» **What the exercise asks**:
The records below need to be repeated exactly, with every picture left out.

» **Material shown**:
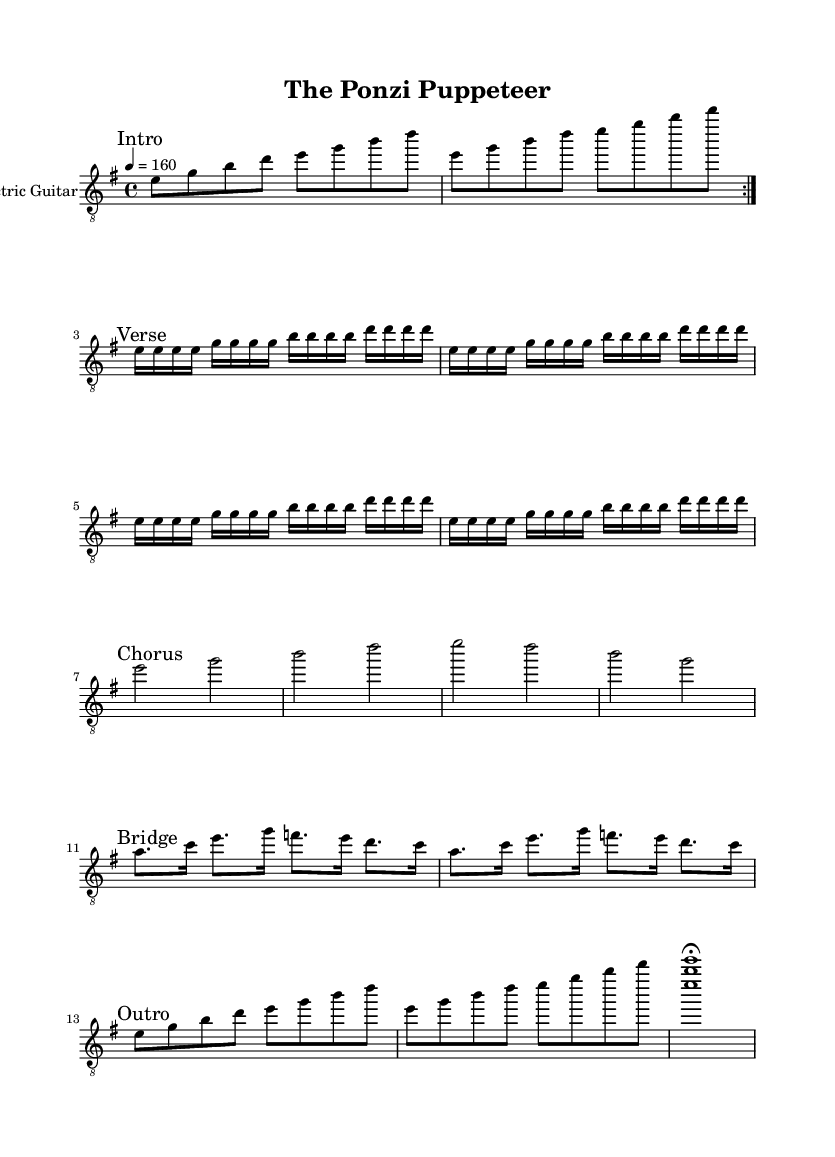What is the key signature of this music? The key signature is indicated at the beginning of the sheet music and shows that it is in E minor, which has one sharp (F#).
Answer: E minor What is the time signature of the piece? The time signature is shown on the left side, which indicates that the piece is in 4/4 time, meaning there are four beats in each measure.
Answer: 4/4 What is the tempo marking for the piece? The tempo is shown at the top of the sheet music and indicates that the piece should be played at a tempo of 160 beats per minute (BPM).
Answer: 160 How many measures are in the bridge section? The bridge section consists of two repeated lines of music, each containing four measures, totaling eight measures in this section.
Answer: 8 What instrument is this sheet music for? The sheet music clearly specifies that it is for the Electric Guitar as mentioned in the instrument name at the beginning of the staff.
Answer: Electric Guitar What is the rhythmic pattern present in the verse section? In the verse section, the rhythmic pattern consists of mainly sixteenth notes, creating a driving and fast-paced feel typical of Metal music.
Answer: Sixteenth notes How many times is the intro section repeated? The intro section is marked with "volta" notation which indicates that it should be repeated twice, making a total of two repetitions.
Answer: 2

» **Written answer**:
What is the key signature of this music? The key signature is indicated at the beginning of the sheet music and shows that it is in E minor, which has one sharp (F#).
Answer: E minor What is the time signature of the piece? The time signature is shown on the left side, which indicates that the piece is in 4/4 time, meaning there are four beats in each measure.
Answer: 4/4 What is the tempo marking for the piece? The tempo is shown at the top of the sheet music and indicates that the piece should be played at a tempo of 160 beats per minute (BPM).
Answer: 160 How many measures are in the bridge section? The bridge section consists of two repeated lines of music, each containing four measures, totaling eight measures in this section.
Answer: 8 What instrument is this sheet music for? The sheet music clearly specifies that it is for the Electric Guitar as mentioned in the instrument name at the beginning of the staff.
Answer: Electric Guitar What is the rhythmic pattern present in the verse section? In the verse section, the rhythmic pattern consists of mainly sixteenth notes, creating a driving and fast-paced feel typical of Metal music.
Answer: Sixteenth notes How many times is the intro section repeated? The intro section is marked with "volta" notation which indicates that it should be repeated twice, making a total of two repetitions.
Answer: 2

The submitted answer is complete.